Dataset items
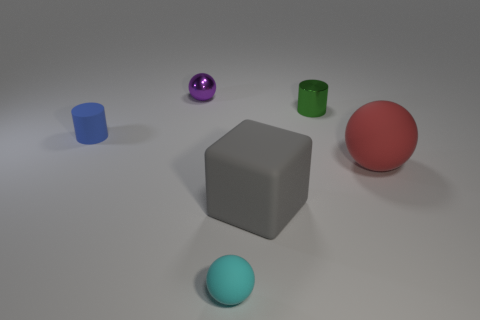Subtract all tiny purple metallic balls. How many balls are left? 2 Add 3 gray rubber blocks. How many objects exist? 9 Subtract all cylinders. How many objects are left? 4 Add 3 large things. How many large things are left? 5 Add 2 small cyan balls. How many small cyan balls exist? 3 Subtract 0 red cylinders. How many objects are left? 6 Subtract all large matte cubes. Subtract all tiny spheres. How many objects are left? 3 
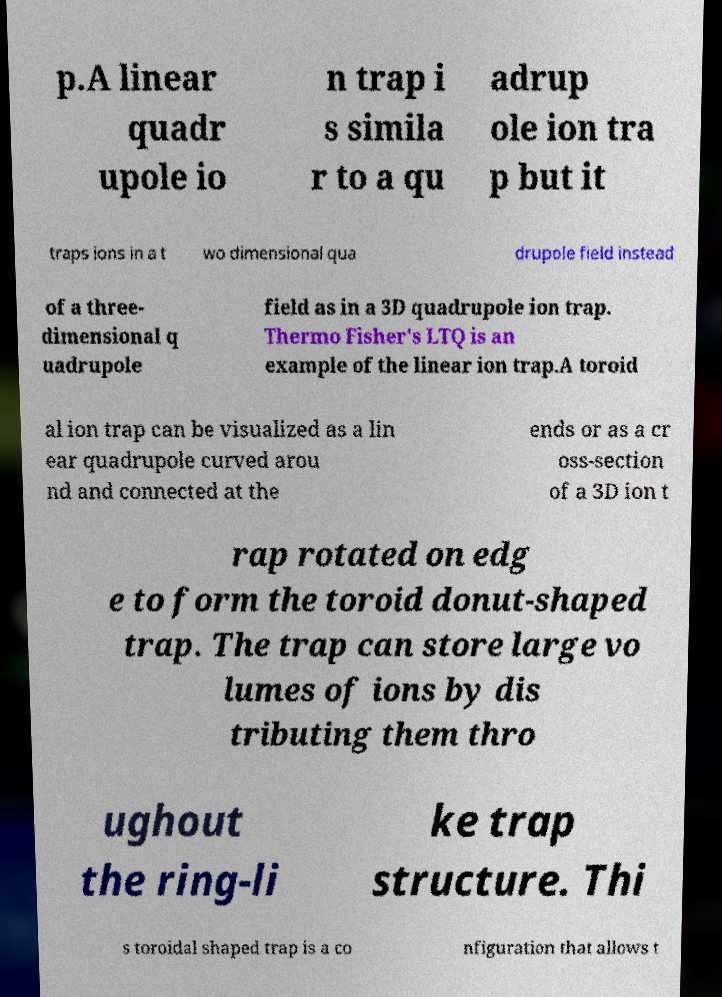Please identify and transcribe the text found in this image. p.A linear quadr upole io n trap i s simila r to a qu adrup ole ion tra p but it traps ions in a t wo dimensional qua drupole field instead of a three- dimensional q uadrupole field as in a 3D quadrupole ion trap. Thermo Fisher's LTQ is an example of the linear ion trap.A toroid al ion trap can be visualized as a lin ear quadrupole curved arou nd and connected at the ends or as a cr oss-section of a 3D ion t rap rotated on edg e to form the toroid donut-shaped trap. The trap can store large vo lumes of ions by dis tributing them thro ughout the ring-li ke trap structure. Thi s toroidal shaped trap is a co nfiguration that allows t 
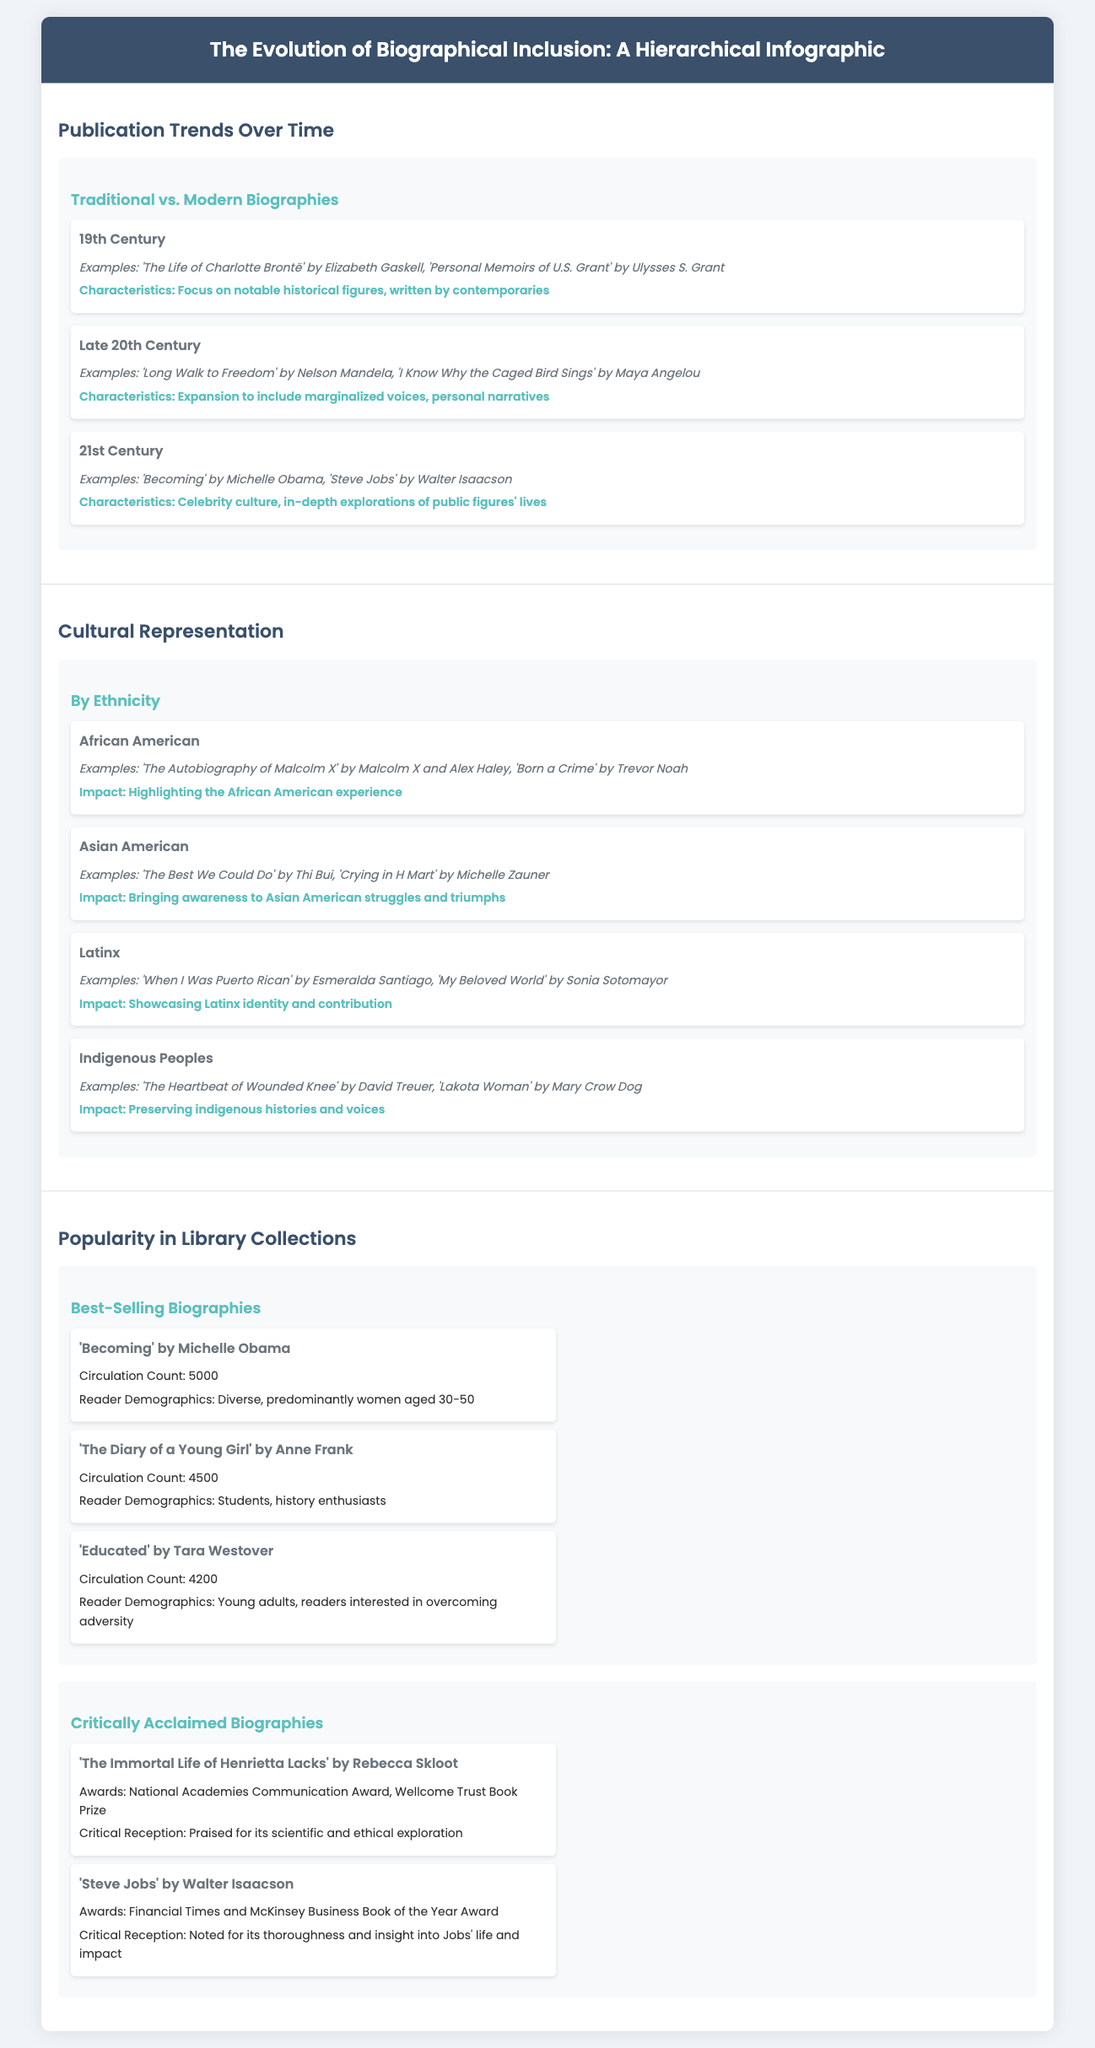What are the characteristics of 19th-century biographies? The 19th-century biographies focus on notable historical figures and are written by contemporaries.
Answer: Focus on notable historical figures, written by contemporaries What is an example of a Latinx biography? A Latinx biography mentioned in the document is 'When I Was Puerto Rican' by Esmeralda Santiago.
Answer: 'When I Was Puerto Rican' by Esmeralda Santiago How many circulations does 'Becoming' by Michelle Obama have? The document states that 'Becoming' has a circulation count of 5000.
Answer: 5000 Which demographic primarily reads 'Educated' by Tara Westover? The document indicates that 'Educated' is primarily read by young adults and readers interested in overcoming adversity.
Answer: Young adults, readers interested in overcoming adversity What is the impact of Asian American biographies? The impact of Asian American biographies is bringing awareness to Asian American struggles and triumphs.
Answer: Bringing awareness to Asian American struggles and triumphs What award did 'The Immortal Life of Henrietta Lacks' win? The document lists that 'The Immortal Life of Henrietta Lacks' received the National Academies Communication Award.
Answer: National Academies Communication Award What are the common characteristics of 21st-century biographies? The characteristics of 21st-century biographies include celebrity culture and in-depth explorations of public figures' lives.
Answer: Celebrity culture, in-depth explorations of public figures' lives How many critically acclaimed biographies are listed? The document includes two critically acclaimed biographies.
Answer: Two What does the hierarchy of the infographic represent? The hierarchy of the infographic represents the evolution of biographical inclusion across different dimensions such as publication trends and cultural representation.
Answer: Evolution of biographical inclusion 
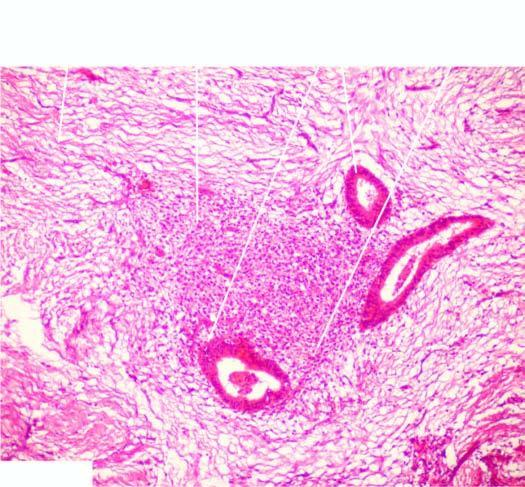what does dense fibrocollagenic tissue contain?
Answer the question using a single word or phrase. Endometrial glands 
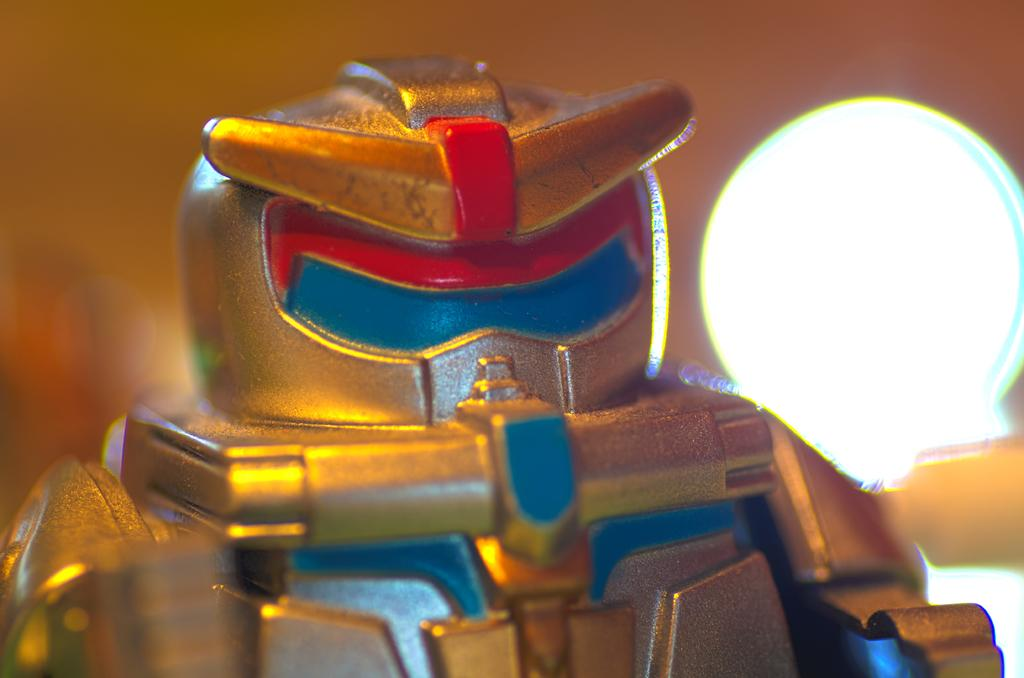What object is the main focus of the image? There is a toy in the image. Can you describe the setting or background of the image? There is a lamp behind the toy in the image. What type of watch is the monkey wearing in the image? There is no monkey or watch present in the image.

> YOUR TASK: A line qualifies when it holds the word "Academies"; report all qualifying lines from the records above.

> RESPONSE AREA:
Answer: Bringing awareness to Asian American struggles and triumphs What award did 'The Immortal Life of Henrietta Lacks' win? The document lists that 'The Immortal Life of Henrietta Lacks' received the National Academies Communication Award.
Answer: National Academies Communication Award What are the common characteristics of 21st-century biographies? The characteristics of 21st-century biographies include celebrity culture and in-depth explorations of public figures' lives.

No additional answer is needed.